* **GOAL OF THE EXERCISE**:
Copy everything in the records exactly; the pictures stay out.

* **GIVEN DATA**:
>>>>>

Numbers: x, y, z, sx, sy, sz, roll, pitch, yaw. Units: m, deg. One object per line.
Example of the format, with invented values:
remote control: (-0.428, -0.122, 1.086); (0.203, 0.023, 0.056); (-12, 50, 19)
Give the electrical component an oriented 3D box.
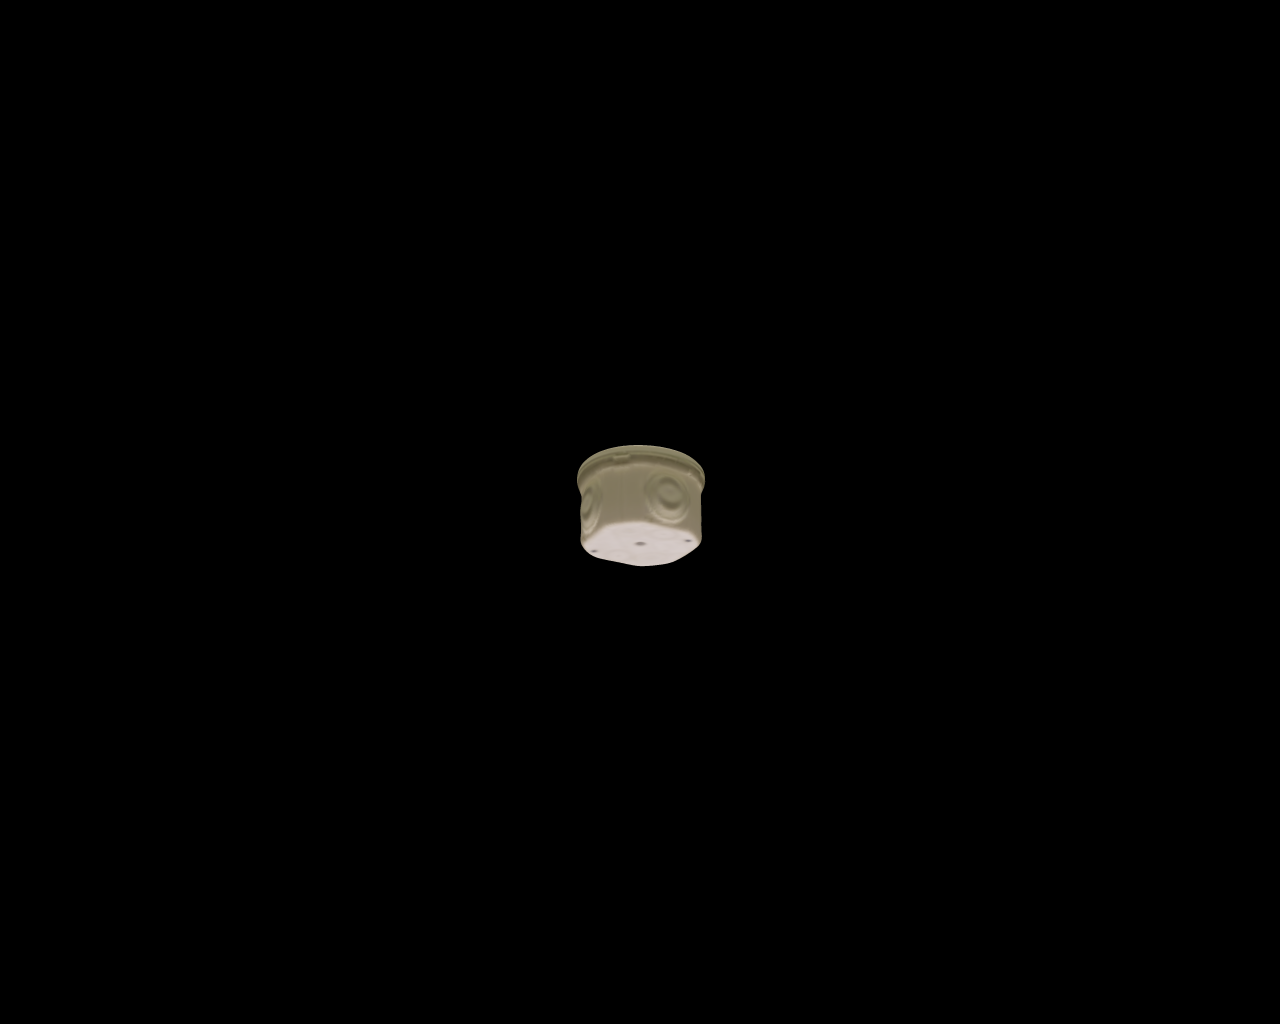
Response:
electrical component: (0.001, -0.003, 0.650); (0.080, 0.051, 0.080); (0, -24, 0)
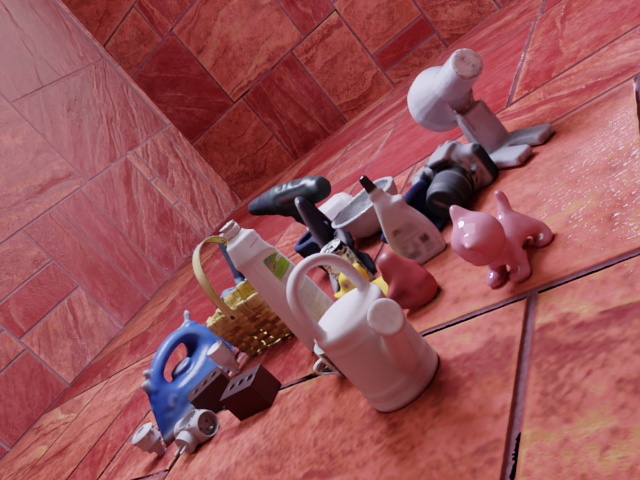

<<<<<

* **RESPONSE TO THIS EXERCISE**:
Numbers: x, y, z, sx, sy, sz, roll, pitch, yaw. Units: m, deg. One object per line.
Example of the format, with invented values:
remote control: (-0.428, -0.122, 1.086); (0.203, 0.023, 0.056); (-12, 50, 19)
Give the electrical component an oriented 3D box.
Response:
electrical component: (0.001, -0.003, 0.650); (0.080, 0.051, 0.080); (0, -24, 0)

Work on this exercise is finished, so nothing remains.